What availability do we have of looking at gp120?

Answer 29

NO CD4 free HIV gp120 is available even now.

Question 30

Describe the CD4-gp120 interaction

Answer 30

Mainly through the MAIN CHAIN of gp120, suggests that even with high mutation it will still recognise CD4. There are large conformational changes in gp120 on CD4 binding to facilitate V3+coreceptor binding.

Question 31

What is IgG b12?

Answer 31

An antibody to CD4 site. It has a Trp100 that protrudes, allowing it to reach into the recessed CD4 binding site!

Question 32

More binding shenanigans:

Answer 32

gp41 interacts with gp120 and C termini to generate a functional oligomer. V1/V2 partially occludes CD4 binding site.
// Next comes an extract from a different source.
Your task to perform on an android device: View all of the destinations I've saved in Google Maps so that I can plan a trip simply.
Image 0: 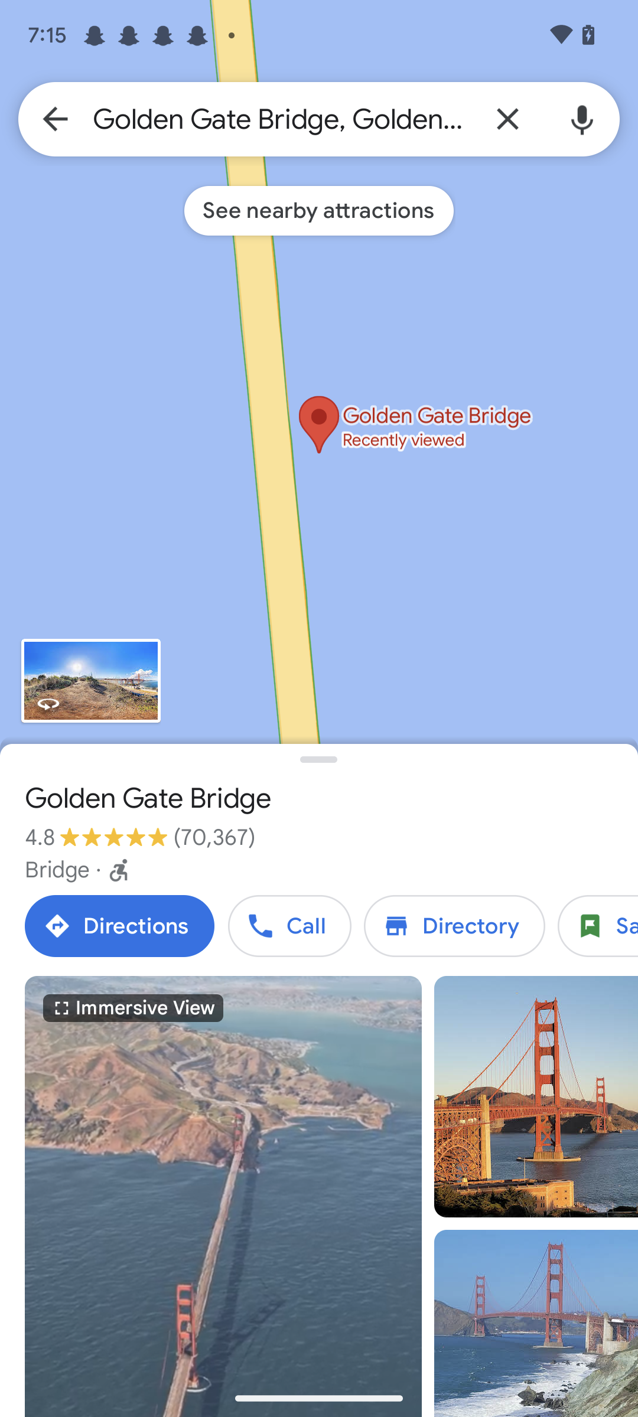
Click on the Saved option in the middle right side of the screen.
Step 0: click (598, 926)

After CD4 binding, there is a conformational change with the formation of Phe43 cavity. Chemokine receptor binds to bridging sheet and V3 loop - causing an orientational shift of core gp120 relative to the oligomer - triggers further changes, leading to the fusion of viral and target membranes.

Question 33

What is Phe43?

Answer 33

It is involved in the binding shit of gp120/CD4, it becmes a cavity after CD4 binding.

Question 34

Is the conformation change in gp120 required to reveal the CD4 binding site?

Answer 34

NO, the change locks CD4 into place.